- - Wednesday, August 2, 2017

The Melvins are back with a new album. What, you’ve never heard of the legendary noise/grunge/sludge/experimental rock band that has released dozens of albums in their three-decade-plus career? Well, the group, led by Buzz Osborne and drummer Dale Crover, still continues to make new music and tour.

While The Melvins may not be a household name, Mr. Osborne actually had a hand in creating one of the seminal groups of the 1990s when he introduced high school pal and onetime bandmate Kurt Cobain and Krist Novoselic to a drummer by the name of Dave Grohl. Thus, Nirvana was born.

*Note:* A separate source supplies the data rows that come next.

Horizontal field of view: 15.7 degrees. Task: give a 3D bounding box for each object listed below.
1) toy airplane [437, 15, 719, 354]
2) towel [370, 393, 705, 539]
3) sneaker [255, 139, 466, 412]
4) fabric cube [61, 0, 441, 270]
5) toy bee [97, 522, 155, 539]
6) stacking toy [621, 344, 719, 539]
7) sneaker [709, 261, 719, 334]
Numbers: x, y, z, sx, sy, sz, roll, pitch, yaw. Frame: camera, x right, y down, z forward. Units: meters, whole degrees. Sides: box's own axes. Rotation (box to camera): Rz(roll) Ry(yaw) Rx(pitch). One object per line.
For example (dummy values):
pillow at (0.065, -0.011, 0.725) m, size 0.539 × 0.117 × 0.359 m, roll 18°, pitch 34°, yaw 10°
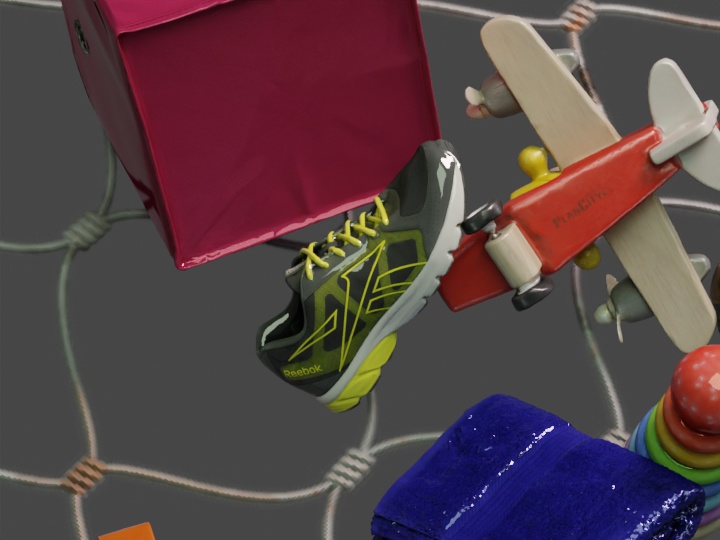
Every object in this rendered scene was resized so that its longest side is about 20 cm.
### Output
toy airplane at (0.155, -0.057, 1.736) m, size 0.199 × 0.141 × 0.200 m, roll 10°, pitch 92°, yaw -6°
towel at (0.105, 0.155, 1.633) m, size 0.148 × 0.050 × 0.200 m, roll -48°, pitch 39°, yaw -15°
sneaker at (0.000, 0.000, 1.690) m, size 0.084 × 0.074 × 0.200 m, roll 22°, pitch 107°, yaw -19°
fabric cube at (-0.079, -0.155, 1.719) m, size 0.200 × 0.196 × 0.199 m, roll -19°, pitch 40°, yaw -10°
toy bee at (-0.127, 0.259, 1.620) m, size 0.131 × 0.109 × 0.200 m, roll -1°, pitch 39°, yaw 6°
stacking toy at (0.211, 0.100, 1.639) m, size 0.085 × 0.200 × 0.086 m, roll 1°, pitch 64°, yaw -2°
sneaker at (0.301, 0.073, 1.725) m, size 0.088 × 0.075 × 0.200 m, roll -9°, pitch 68°, yaw -12°
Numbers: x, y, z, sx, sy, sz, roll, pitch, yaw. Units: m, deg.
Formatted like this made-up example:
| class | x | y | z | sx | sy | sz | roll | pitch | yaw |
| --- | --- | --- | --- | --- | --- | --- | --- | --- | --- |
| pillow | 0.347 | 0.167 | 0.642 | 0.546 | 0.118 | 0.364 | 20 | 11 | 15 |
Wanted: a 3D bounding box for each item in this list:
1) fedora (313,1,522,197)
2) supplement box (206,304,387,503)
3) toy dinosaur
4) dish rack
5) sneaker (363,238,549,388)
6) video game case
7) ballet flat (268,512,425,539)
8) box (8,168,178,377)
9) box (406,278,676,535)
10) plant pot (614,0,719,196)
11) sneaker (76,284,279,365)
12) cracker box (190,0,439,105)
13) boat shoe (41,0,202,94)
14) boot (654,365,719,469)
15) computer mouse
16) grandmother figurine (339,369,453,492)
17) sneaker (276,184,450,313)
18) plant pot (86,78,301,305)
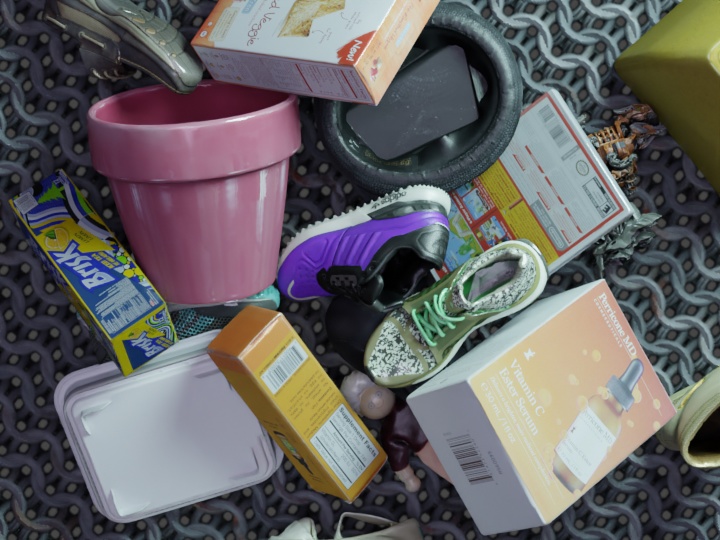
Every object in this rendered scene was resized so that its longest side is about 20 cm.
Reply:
| class | x | y | z | sx | sy | sz | roll | pitch | yaw |
| --- | --- | --- | --- | --- | --- | --- | --- | --- | --- |
| fedora | 0.054 | -0.162 | 1.628 | 0.198 | 0.092 | 0.203 | 0 | 93 | 1 |
| supplement box | -0.059 | 0.128 | 1.615 | 0.069 | 0.066 | 0.201 | -45 | 119 | -23 |
| toy dinosaur | 0.221 | -0.070 | 1.647 | 0.200 | 0.102 | 0.136 | -45 | 76 | 20 |
| dish rack | -0.184 | 0.159 | 1.645 | 0.198 | 0.044 | 0.173 | -17 | 113 | 1 |
| sneaker | 0.081 | 0.033 | 1.564 | 0.199 | 0.089 | 0.077 | -37 | 75 | 2 |
| video game case | 0.144 | -0.056 | 1.620 | 0.199 | 0.017 | 0.144 | -37 | 73 | 20 |
| ballet flat | -0.031 | 0.273 | 1.672 | 0.197 | 0.069 | 0.070 | -3 | 93 | -1 |
| box | -0.252 | 0.000 | 1.599 | 0.064 | 0.070 | 0.200 | -32 | 58 | -14 |
| box | 0.171 | 0.127 | 1.586 | 0.199 | 0.106 | 0.153 | -34 | 96 | -33 |
| plant pot | 0.378 | -0.188 | 1.570 | 0.194 | 0.200 | 0.196 | -41 | 91 | 2 |
| sneaker | -0.173 | 0.055 | 1.662 | 0.198 | 0.078 | 0.092 | -8 | 109 | 4 |
| cracker box | -0.042 | -0.231 | 1.568 | 0.198 | 0.058 | 0.135 | 12 | 60 | 35 |
| boat shoe | -0.230 | -0.217 | 1.624 | 0.200 | 0.074 | 0.074 | 40 | 109 | 27 |
| boot | 0.376 | 0.116 | 1.606 | 0.199 | 0.155 | 0.073 | -30 | 92 | 2 |
| computer mouse | 0.058 | 0.076 | 1.637 | 0.199 | 0.053 | 0.139 | 32 | 56 | 5 |
| grandmother figurine | 0.069 | 0.156 | 1.662 | 0.199 | 0.061 | 0.122 | 31 | 78 | -3 |
| sneaker | 0.000 | 0.000 | 1.602 | 0.199 | 0.069 | 0.100 | -26 | 51 | 30 |
| plant pot | -0.149 | -0.073 | 1.597 | 0.197 | 0.200 | 0.181 | -4 | 109 | 1 |
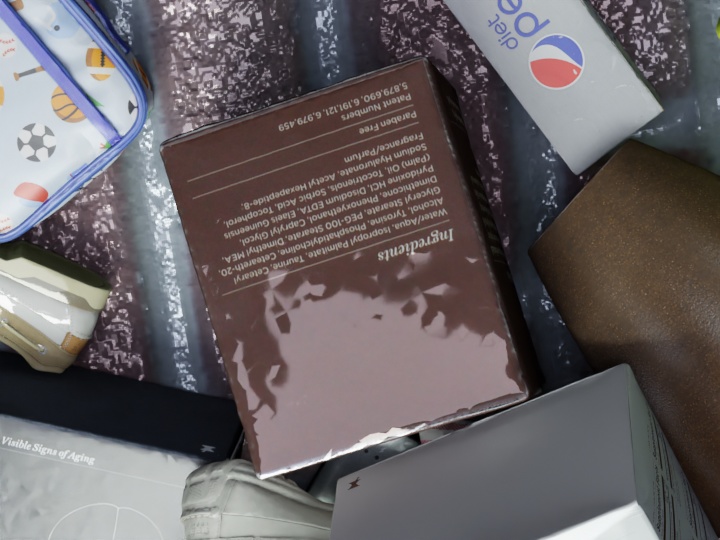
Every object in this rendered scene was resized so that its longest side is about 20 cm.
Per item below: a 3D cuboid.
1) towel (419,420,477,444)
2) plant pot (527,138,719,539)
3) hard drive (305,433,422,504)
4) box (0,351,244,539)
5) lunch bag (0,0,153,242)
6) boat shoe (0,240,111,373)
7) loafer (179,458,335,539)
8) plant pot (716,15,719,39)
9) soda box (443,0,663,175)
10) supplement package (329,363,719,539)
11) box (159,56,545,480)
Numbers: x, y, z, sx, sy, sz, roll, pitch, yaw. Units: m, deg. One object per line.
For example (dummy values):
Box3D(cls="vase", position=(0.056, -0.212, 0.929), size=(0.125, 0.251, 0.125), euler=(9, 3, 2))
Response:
Box3D(cls="towel", position=(0.109, 0.189, 1.345), size=(0.146, 0.030, 0.201), euler=(3, 105, 28))
Box3D(cls="plant pot", position=(0.202, 0.023, 1.287), size=(0.200, 0.187, 0.187), euler=(42, 103, 4))
Box3D(cls="hard drive", position=(0.010, 0.201, 1.407), size=(0.139, 0.033, 0.201), euler=(30, 104, -4))
Box3D(cls="box", position=(-0.188, 0.172, 1.368), size=(0.199, 0.124, 0.198), euler=(12, 105, 0))
Box3D(cls="lunch bag", position=(-0.229, -0.132, 1.325), size=(0.160, 0.076, 0.200), euler=(-38, 99, 10))
Box3D(cls="boat shoe", position=(-0.260, 0.002, 1.358), size=(0.199, 0.075, 0.069), euler=(24, 99, -3))
Box3D(cls="loafer", position=(-0.025, 0.174, 1.297), size=(0.199, 0.070, 0.070), euler=(23, 151, -31))
Box3D(cls="plant pot", position=(0.327, -0.161, 1.219), size=(0.199, 0.182, 0.200), euler=(38, 104, -5))
Box3D(cls="soda box", position=(0.096, -0.159, 1.297), size=(0.068, 0.063, 0.200), euler=(-37, 98, 12))
Box3D(cls="supplement package", position=(0.108, 0.198, 1.212), size=(0.191, 0.147, 0.201), euler=(-23, 113, 15))
Box3D(cls="box", position=(0.000, 0.000, 1.269), size=(0.163, 0.166, 0.201), euler=(-17, 86, 7))
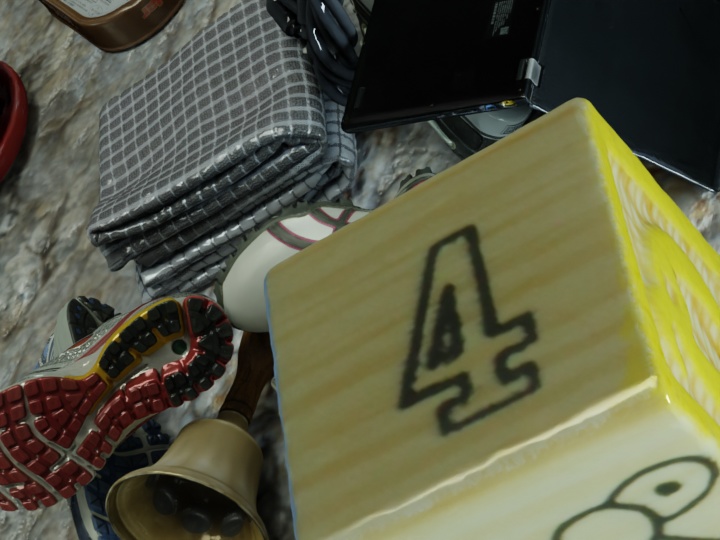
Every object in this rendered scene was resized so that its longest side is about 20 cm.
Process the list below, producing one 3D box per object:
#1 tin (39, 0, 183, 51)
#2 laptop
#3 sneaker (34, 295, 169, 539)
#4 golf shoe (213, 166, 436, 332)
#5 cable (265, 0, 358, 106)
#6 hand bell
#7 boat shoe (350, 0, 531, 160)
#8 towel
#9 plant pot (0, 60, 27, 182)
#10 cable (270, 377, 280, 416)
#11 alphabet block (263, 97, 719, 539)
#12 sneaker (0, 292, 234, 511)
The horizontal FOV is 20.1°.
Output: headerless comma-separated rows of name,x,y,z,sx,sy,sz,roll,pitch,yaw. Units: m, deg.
tin,-0.210,-0.250,1.682,0.112,0.042,0.200,-47,40,-7
laptop,0.117,-0.143,1.234,0.199,0.116,0.188,-7,54,32
sneaker,-0.175,0.119,1.335,0.085,0.077,0.201,-45,41,32
golf shoe,0.000,0.000,1.238,0.199,0.077,0.088,-21,38,15
cable,-0.046,-0.191,1.290,0.051,0.200,0.164,-23,63,-4
hand bell,-0.077,0.085,1.275,0.104,0.104,0.201,-14,38,33
boat shoe,0.027,-0.156,1.302,0.071,0.200,0.064,-27,-13,-41
towel,-0.103,-0.090,1.420,0.199,0.086,0.166,-30,42,19
plant pot,-0.379,-0.132,1.620,0.200,0.182,0.201,-24,45,25
cable,0.014,0.118,1.193,0.097,0.050,0.201,-23,55,3
alphabet block,0.089,0.071,1.032,0.199,0.195,0.197,-27,49,19
sneaker,-0.165,0.081,1.254,0.199,0.078,0.082,-29,10,1
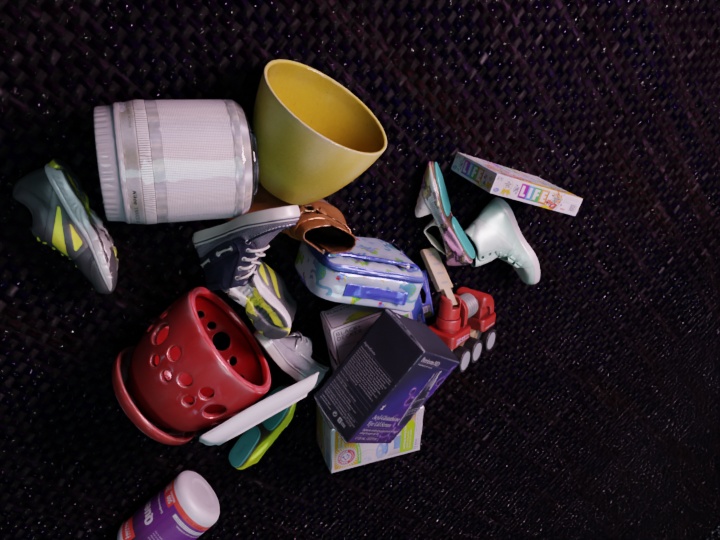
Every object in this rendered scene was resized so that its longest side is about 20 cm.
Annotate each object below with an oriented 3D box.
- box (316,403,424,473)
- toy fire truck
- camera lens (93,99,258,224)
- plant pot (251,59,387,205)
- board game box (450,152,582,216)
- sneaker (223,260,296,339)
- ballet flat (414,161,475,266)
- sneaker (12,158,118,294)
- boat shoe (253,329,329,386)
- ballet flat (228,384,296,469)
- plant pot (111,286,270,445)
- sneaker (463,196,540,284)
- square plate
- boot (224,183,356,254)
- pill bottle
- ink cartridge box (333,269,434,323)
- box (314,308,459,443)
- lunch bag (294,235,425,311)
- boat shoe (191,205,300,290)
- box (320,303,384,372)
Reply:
[{"bbox_3d":[0.016,0.309,1.160,0.197,0.101,0.114,-7,117,-20],"label":"box"},{"bbox_3d":[0.180,0.062,1.101,0.175,0.127,0.204,-20,120,-50],"label":"toy fire truck"},{"bbox_3d":[-0.245,-0.148,0.781,0.197,0.160,0.163,-6,117,-21],"label":"camera lens"},{"bbox_3d":[-0.081,-0.182,0.837,0.198,0.202,0.142,19,128,-30],"label":"plant pot"},{"bbox_3d":[0.276,-0.154,1.025,0.197,0.135,0.035,9,111,-28],"label":"board game box"},{"bbox_3d":[-0.176,0.017,0.943,0.074,0.085,0.202,-25,104,20],"label":"sneaker"},{"bbox_3d":[0.140,-0.092,1.033,0.070,0.069,0.202,-18,111,24],"label":"ballet flat"},{"bbox_3d":[-0.412,-0.053,0.816,0.083,0.075,0.203,-20,113,-7],"label":"sneaker"},{"bbox_3d":[-0.118,0.145,1.034,0.072,0.070,0.201,-45,139,-7],"label":"boat shoe"},{"bbox_3d":[-0.175,0.298,1.101,0.201,0.067,0.067,-52,144,10],"label":"ballet flat"},{"bbox_3d":[-0.265,0.159,0.904,0.182,0.201,0.201,-38,124,4],"label":"plant pot"},{"bbox_3d":[0.266,-0.028,1.117,0.118,0.074,0.202,-39,114,-9],"label":"sneaker"},{"bbox_3d":[-0.165,0.231,0.930,0.196,0.200,0.029,-25,81,-22],"label":"square plate"},{"bbox_3d":[-0.111,-0.072,0.880,0.197,0.155,0.078,9,112,-27],"label":"boot"},{"bbox_3d":[-0.367,0.477,1.068,0.199,0.113,0.113,-40,124,-1],"label":"pill bottle"},{"bbox_3d":[0.054,0.088,1.105,0.197,0.042,0.121,-24,122,-13],"label":"ink cartridge box"},{"bbox_3d":[0.046,0.182,0.966,0.201,0.104,0.147,-51,146,11],"label":"box"},{"bbox_3d":[0.000,0.000,0.963,0.197,0.161,0.084,9,112,-26],"label":"lunch bag"},{"bbox_3d":[-0.155,-0.029,0.819,0.074,0.198,0.094,-15,92,-52],"label":"boat shoe"},{"bbox_3d":[0.002,0.153,1.056,0.115,0.060,0.203,-17,123,-14],"label":"box"}]
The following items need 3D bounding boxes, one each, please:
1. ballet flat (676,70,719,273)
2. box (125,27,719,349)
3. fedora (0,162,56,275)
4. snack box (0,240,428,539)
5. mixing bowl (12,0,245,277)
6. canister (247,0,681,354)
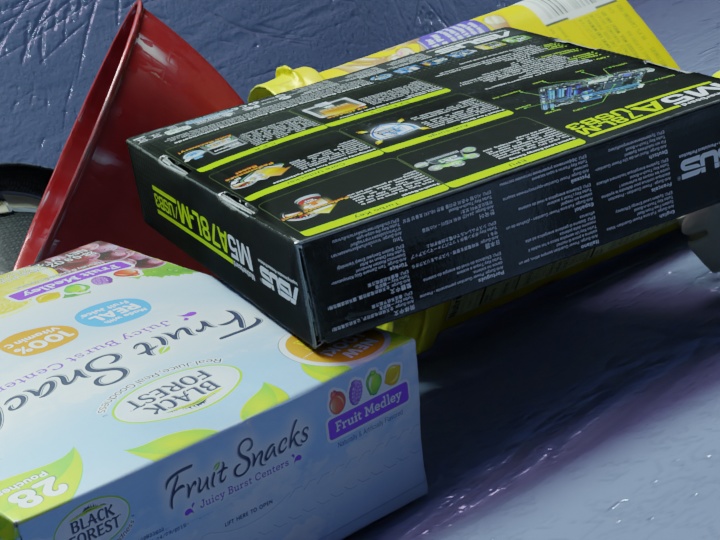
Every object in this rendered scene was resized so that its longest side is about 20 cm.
[{"bbox_3d":[0.167,-0.033,0.742,0.067,0.067,0.200,-37,16,14],"label":"ballet flat"},{"bbox_3d":[0.028,-0.044,0.700,0.199,0.048,0.193,-19,24,-21],"label":"box"},{"bbox_3d":[-0.225,0.029,1.113,0.200,0.202,0.091,-27,46,-30],"label":"fedora"},{"bbox_3d":[-0.102,0.057,0.631,0.168,0.068,0.199,-23,27,-38],"label":"snack box"},{"bbox_3d":[-0.111,-0.031,0.927,0.201,0.108,0.201,-60,15,28],"label":"mixing bowl"},{"bbox_3d":[0.064,-0.055,0.859,0.199,0.149,0.087,-22,-27,-21],"label":"canister"}]

Now that you know that little bit of history, you can actually see The Melvins perform Sunday at the Ottobar in Baltimore and Tuesday at The Broadberry in Richmond, Virginia. Until then, enjoy this exclusive chat with bandleader “King Buzzo” about dealing with jerks, touring then versus touring now and The Melvins’ new double album, “A Walk With Love and Death.”

Question: The new album comes out today. Do release dates still mean anything to you?

Answer: It never really meant much. We’ve been living with the record since last fall. By the time the records come out, you’re pretty much done with them.

Q: And on to the next one?

A: Yeah. The next one is almost done. It just has to be mixed.

Q: Is there ever a minute where you’re not making music?

A: We work pretty fast. We’re not big believers in letting things overcook. You could sit there and work on something for six months or work on something for six minutes, and nobody knows the difference. Chances are they’ll like the six-minute one better. Usually.

Q: How many records have The Melvins put out?

A: Just full albums? That’s 25 or 26. But if you count all the 7” singles, 12” and EPs? Probably close to 100. We have done 50 or 60 7” at least.

Q: Are you the most prolific band in the history of music?

A: No clue. There are probably bands that do as much as we do, maybe more. But maybe not as many bands do as many albums combined as live shows.

We work pretty hard. Actually, we only look like we work hard compared to most people. We’ve never stopped. Not really.

Q: With that vast of a catalog, how do you decide what to play live?

A: It’s never easy and comes down to whatever songs fit together best — in that order. Some songs don’t work well live, some do. We try to get a set that cohesively fits together for one reason or another. We figure that out in the practice place.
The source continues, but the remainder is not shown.